The loops for the other 3 data widths become very simple indeed!
mode_32b: lsr1 r0 mode_16b: lsr1 r0 mode_8b: ldi r2, 0x0 # r2 = 0 (dummy data) ld r5, (r3, 0x1f) # r5 = shp_addr loop 1, 0 st r2, (r5, 0x0) # write zero to shp bf do_fault bt cleanup
Then we have the cleanup routine, which reproduces another part of the bugfix from mcu_2_ecspi:
cleanup: btsti r7, 0x1f # test high bit of burst length bt yield_for_now # if true (when??) goto 6222 ld r2, (r3, 0x1f) # r2 = shp_addr ld r5, (r2, 0x4) # r5 = *(shp_addr+4) (aka ECSPIx_CONREG) ori r5, 0x4 # r5 |= XCH st r5, (r2, 0x4) # write CONREG
And then finally the
yield_for_now handler referenced above, and the
load_next_bd handlers as well. You’ll notice a few instances of the relative jump-like pattern in here.
yield_for_now: done 0 # yield, no interrupt ld r5, (r3, 0x1d) # r5 = buf_remaining cmpeqi r5, 0x0 # if buf_remaining == 0 bt load_next_bd # goto load next bd jsr 508 # else call 508 ld r7, (r3, 0x1b) # restore r7 from proc 508 cmpeq r0, r0 bt xfer_loop # goto xfer_loop do_fault: clrf 0 jsr 533 load_next_bd: jsr 524 # buf_remaining == 0, load next BD cmpeq r0, r0 bt main_loop # goto main loop.

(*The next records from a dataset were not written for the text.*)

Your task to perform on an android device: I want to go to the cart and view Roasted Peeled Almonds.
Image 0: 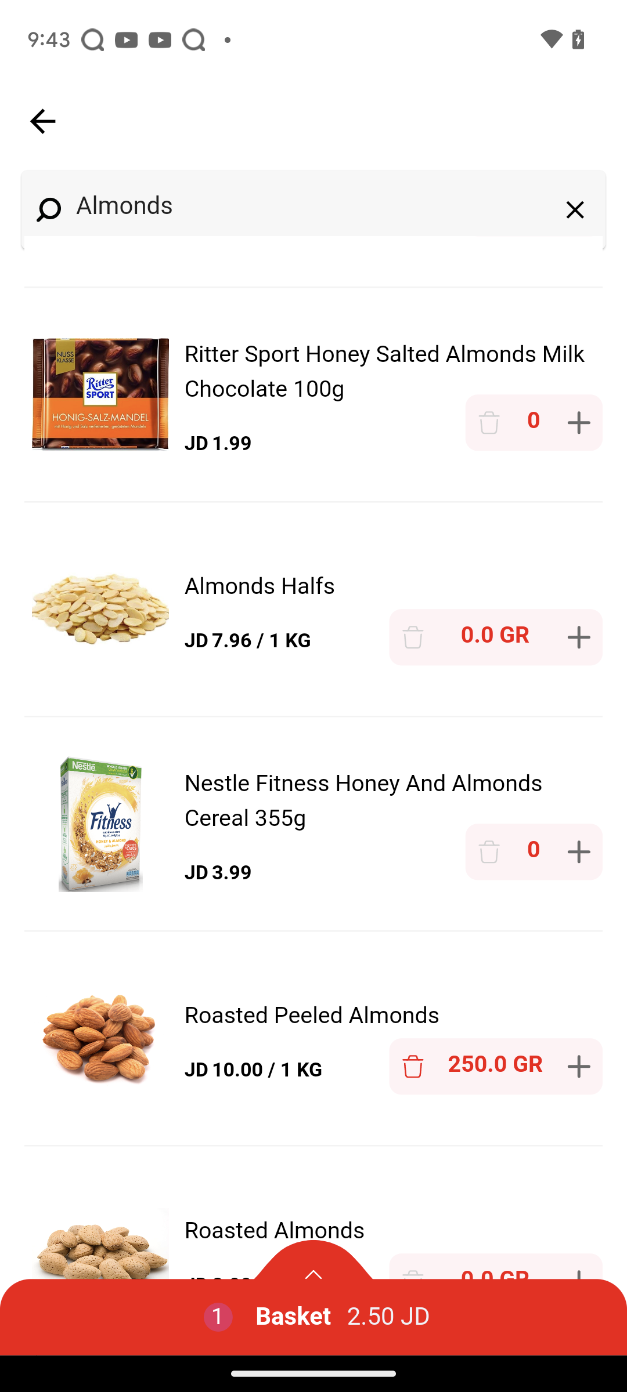
Click on the basket dropdown at the bottom of the screen
Step 0: click (313, 1293)
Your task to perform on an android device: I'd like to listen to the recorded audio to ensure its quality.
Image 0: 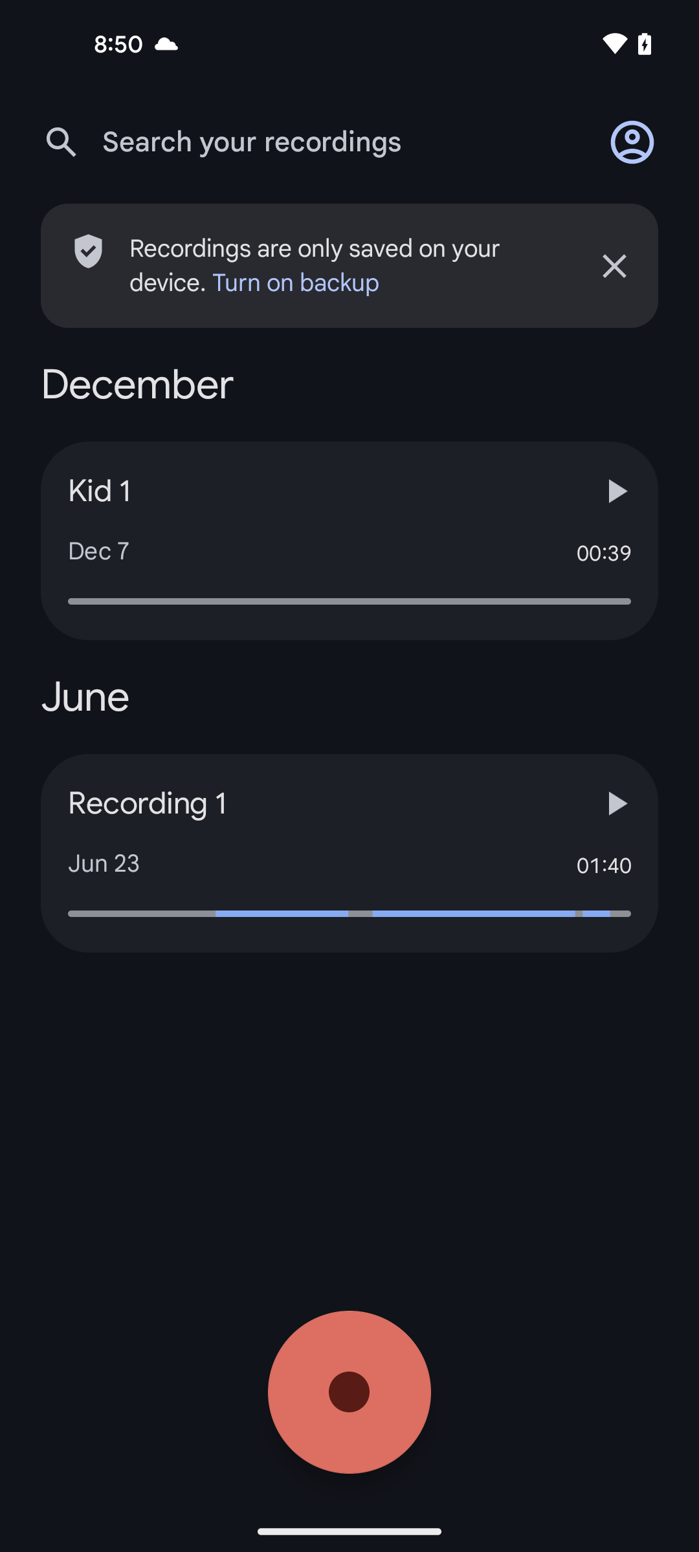
click on the play button icon of saved video Kid 1
Step 0: click (617, 490)
Image 1: 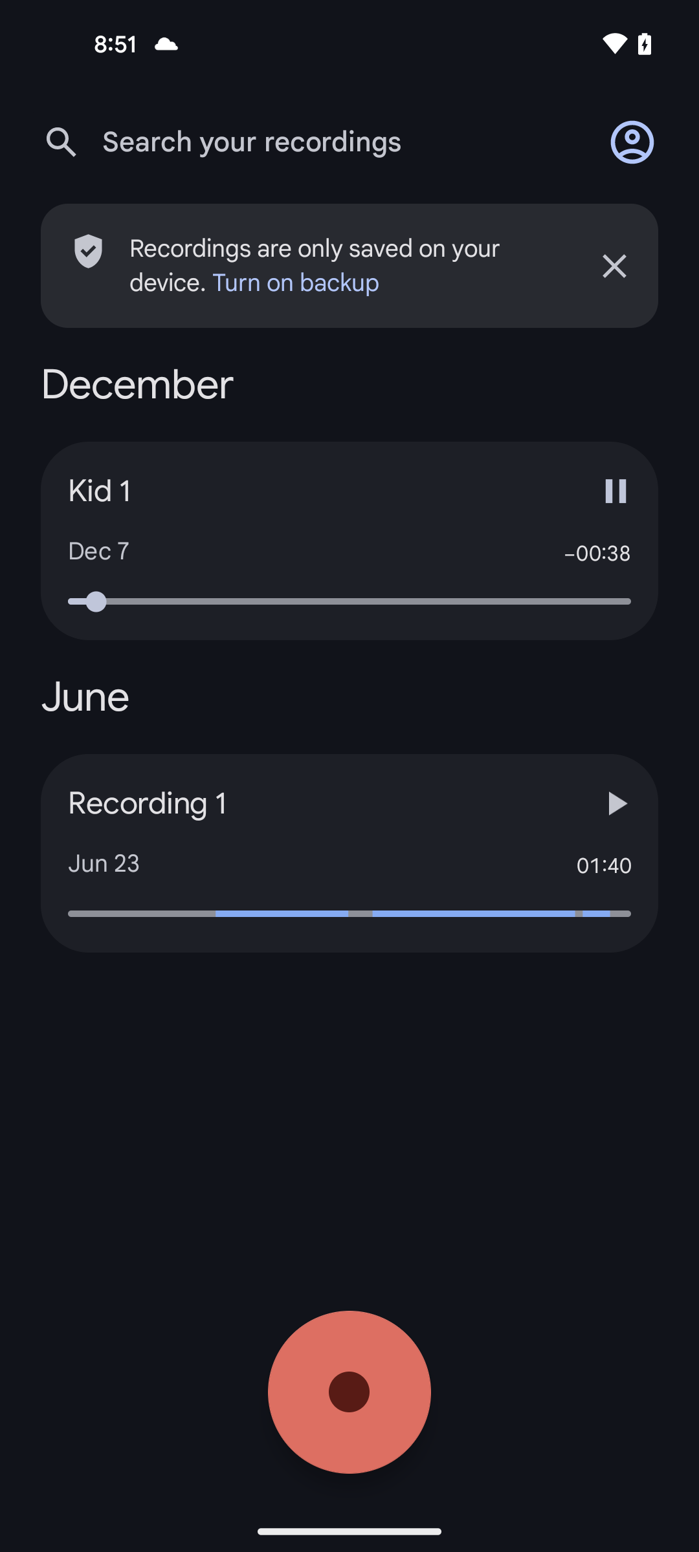
click on the play button icon of saved video Kid 1
Step 1: wait
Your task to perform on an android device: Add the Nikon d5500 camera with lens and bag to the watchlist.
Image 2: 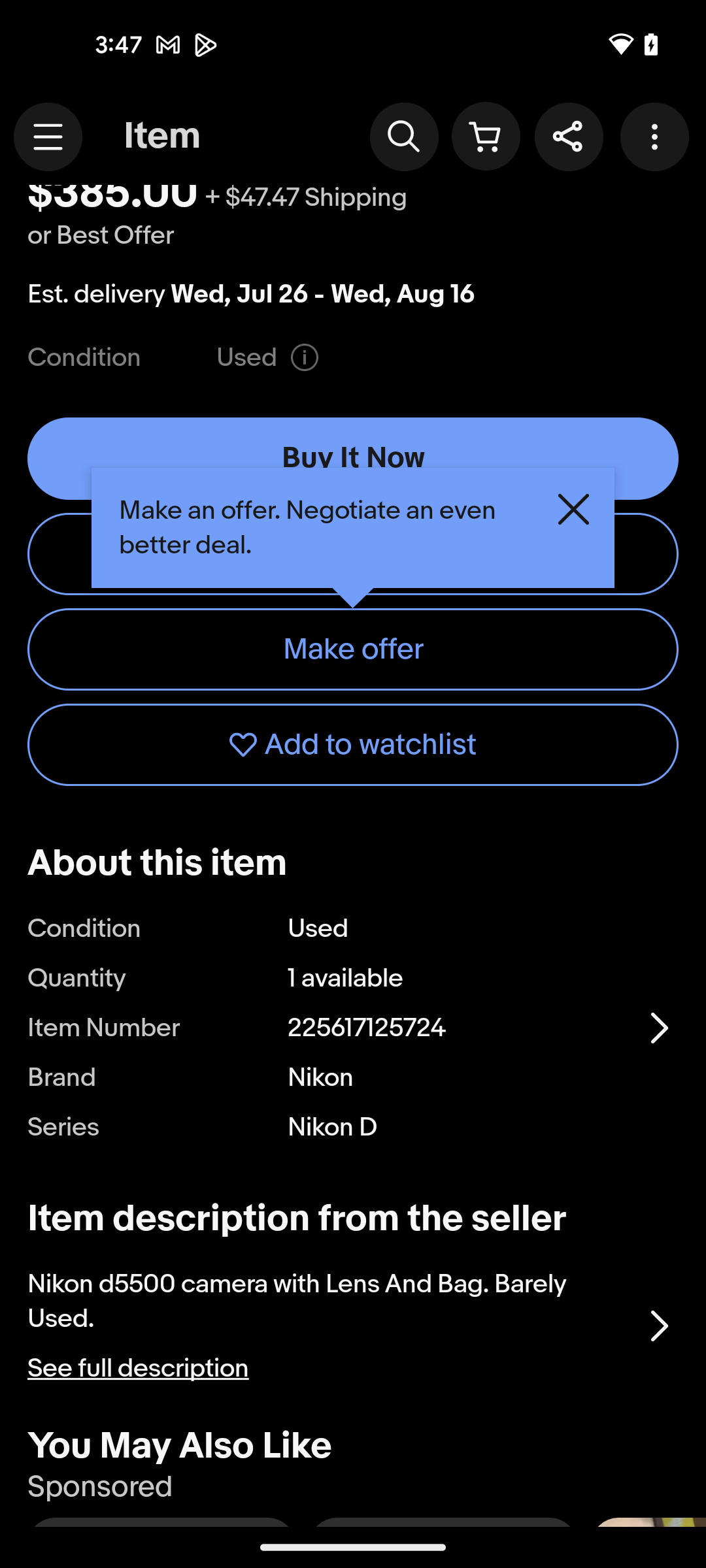
Click on Add to watchlist
Step 2: click (353, 745)

And that does it! This should result in much better utilization of the SDMA core during RX-only SPI transfers. In my testing, I can verify that this increases the maximum throughput of incoming SPI transactions to beyond the capabilities of my SPI slave devices, which is good enough for my needs.
I hope you’ve found this series useful! Thanks much for reading.